I"m back! After over a year off from crafting, I've been bitten by the bug again. A lot has happened since my last post: I moved back in with my parents. I broke my collarbone in a nasty spill on my bike (the doctors fixed me back up all nice with a titanium plate and screws). I dipped my toe back into the dating pool (before deciding I wasn't really ready to go swimming again quite yet). Oh, yea, and I actually took that tour on my bicycle I was fantasizing about before, from my home in Fayetteville NC to Gainesville FL (about 1,000 miles in a little over 7 weeks), meeting a ton of incredible people along the way. It was almost nothing like I expected it would be, but it is definitely a life achievement I'm glad I got the chance to experience. (You can read about my trip
here.)
So, let me share a few of the fun things I've been working on. As per usual, I've been bouncing around a ton between mediums that would appear on the surface to be completely unrelated.
Yarn painting:
Complicated-looking beadwork:
Some watercolor painting that doesn't need to be shown here...
And lot and lots of crafting-vicariously-through-others. Google image search, and now Pinterest, have been both a blessing an a curse to me, in that they offer me limitless inspiration while also threatening (and often succeeding) to make me losing track of time, thinking up millions upon millions of ideas and projects in my head, only to never have them take form in the physical.
Most recently, polymer clay and wire wrapping seem to be what I have finally settled on at this point of time. I've had a bout of polymer clay obsession once before in high school, and working with it reminds me of how much fun it is to make different color swirls and patterns appear and change. Trying new techniques and then bunching up what you don't like only to have it be transformed, like magic, into something new: maybe something really cool. Swirl lentil beads (something I had tried to master in high school but couldn't seem to get the hang of) are now one of my favorite ways to use up little bits of scrap clay, and perfectly demonstrate what I mean. (You can see some in the picture below.)
I was attempting to make a filigree ornament (like
this) using a clay extruder I bought, only to realize that out of the 7 ropes I got from the die I was using, only the one in the center was actually usable for that project.
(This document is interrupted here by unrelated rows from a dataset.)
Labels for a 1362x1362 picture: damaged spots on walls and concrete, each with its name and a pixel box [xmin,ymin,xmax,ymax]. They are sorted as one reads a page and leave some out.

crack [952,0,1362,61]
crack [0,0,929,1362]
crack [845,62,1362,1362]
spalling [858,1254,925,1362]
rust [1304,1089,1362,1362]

It seemed too wasteful for me to continue with as I intended.What to do with all of the extra ropes that didn't make the cut? I took two of them and twisted them together. The result reminded me of very expensive handspun multi-stranded yarns I used to yearn for. I loved it. Then I coiled my new rope around itself in a spiral. I flattened it out, and admired the new sheet I had created. From trash to treasure, for sure! Then I was faced with a new challenge. What to do with it? I wanted to use it in a way that really showcased the colors. It had to be something that would make them pop, and not be hidden. At the same time, my little experimental sheet was only about 2 inches in diameter. There wasn't that much to work with.
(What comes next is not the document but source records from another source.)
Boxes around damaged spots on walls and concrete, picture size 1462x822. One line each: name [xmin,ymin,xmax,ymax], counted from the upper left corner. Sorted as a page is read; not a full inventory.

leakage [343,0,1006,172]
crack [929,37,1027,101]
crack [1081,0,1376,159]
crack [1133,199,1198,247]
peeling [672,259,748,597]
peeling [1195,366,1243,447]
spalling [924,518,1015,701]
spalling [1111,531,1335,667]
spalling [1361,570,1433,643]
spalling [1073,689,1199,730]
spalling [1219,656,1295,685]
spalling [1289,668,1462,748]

I took my inspiration from a necklace I had seen
here, and used my wavy cutter to cut thin strips. This doubled the size of the sheet I had to work with. I still had to decide what to make with it. I had finally gotten my hands on a heart shaped cookie cutter, so I made some hearts, intending for them to be eventually become pendants. I really liked what I had done, and it was something that I thought would be fairly easy to replicate. I made another set of ropes and eagerly coiled them up the way I had before, only to be slightly disappointed. It wasn't that it was ugly, but it did not have the many subtle variations in color that my first experiment did. This version was much more bold and took on almost a checker pattern.
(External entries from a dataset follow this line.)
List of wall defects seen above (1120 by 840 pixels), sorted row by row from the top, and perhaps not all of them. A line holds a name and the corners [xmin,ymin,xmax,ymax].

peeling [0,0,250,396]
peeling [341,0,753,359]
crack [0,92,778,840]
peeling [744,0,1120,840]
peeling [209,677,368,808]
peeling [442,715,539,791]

I was inspired by something that I had seen in one of my Google image search inspiration-junkie sessions. I remembered it as being a cartoony-whimsical vibed clock, made with wedges of vibrant colors and patterns all swirling in toward the middle. I couldn't find the image I was seeing in my head, but I did find something similar (which I can't seem to find this time around either. Go figure.) Not having a strong reference picture scared me a little bit (I suppose I'm afraid I'm always about to do something "wrong," which is absolutely silly when dealing with art. Gotta let it flow!) but I sucked it up and ended up with something reminiscent of the could-be-a-clock picture in my head I swear I saw at one point. Here's a taste of some of the pretty things I've been cooking up:
Wire wrapping, though, is something that I have not played with all too much. The seed was planted in my time in Montana, perhaps, when I was doing my best to make decent looking jewelry out of origami. I need a lot more practice, and almost definitely a better set of pliers, but the swirling and looping and the fact that you can be as freeform or as precise as you want is very attractive to me (this is also probably why I like polymer clay so much as well). The fact that I made an awesome necklace in about half an hour of just messing around after giving up on some of the other techniques I was trying to figure out doesn't hurt in the positive re-enforcement/encouragement/instant gratification department. The (false) appearance of a never ending spool of wire also definitely helps with the creative process. No need to worry about "messing up," when there's lots more where that came from.